# EXERCISE REQUIREMENTS
Reproduce each line of the data exactly as it is.

*** Block opens ***

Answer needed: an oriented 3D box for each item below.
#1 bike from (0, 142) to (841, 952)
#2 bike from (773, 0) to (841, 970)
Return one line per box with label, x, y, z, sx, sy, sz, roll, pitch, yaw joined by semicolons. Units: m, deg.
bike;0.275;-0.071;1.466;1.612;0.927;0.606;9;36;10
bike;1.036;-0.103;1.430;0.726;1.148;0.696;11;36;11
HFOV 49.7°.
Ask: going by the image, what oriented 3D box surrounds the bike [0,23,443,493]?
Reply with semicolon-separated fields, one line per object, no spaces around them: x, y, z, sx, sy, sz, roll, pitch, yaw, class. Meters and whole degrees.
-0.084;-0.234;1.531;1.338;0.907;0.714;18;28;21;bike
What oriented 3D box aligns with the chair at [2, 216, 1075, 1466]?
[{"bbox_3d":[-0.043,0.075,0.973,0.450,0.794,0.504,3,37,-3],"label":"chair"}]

*** Block closes ***

# YOUR SOLUTION
Answer needed: an oriented 3D box for each item below.
#1 bike from (0, 142) to (841, 952)
#2 bike from (773, 0) to (841, 970)
Return one line per box with label, x, y, z, sx, sy, sz, roll, pitch, yaw joined by semicolons. Units: m, deg.
bike;0.275;-0.071;1.466;1.612;0.927;0.606;9;36;10
bike;1.036;-0.103;1.430;0.726;1.148;0.696;11;36;11
HFOV 49.7°.
Ask: going by the image, what oriented 3D box surrounds the bike [0,23,443,493]?
Reply with semicolon-separated fields, one line per object, no spaces around them: x, y, z, sx, sy, sz, roll, pitch, yaw, class. Meters and whole degrees.
-0.084;-0.234;1.531;1.338;0.907;0.714;18;28;21;bike
What oriented 3D box aligns with the chair at [2, 216, 1075, 1466]?
[{"bbox_3d":[-0.043,0.075,0.973,0.450,0.794,0.504,3,37,-3],"label":"chair"}]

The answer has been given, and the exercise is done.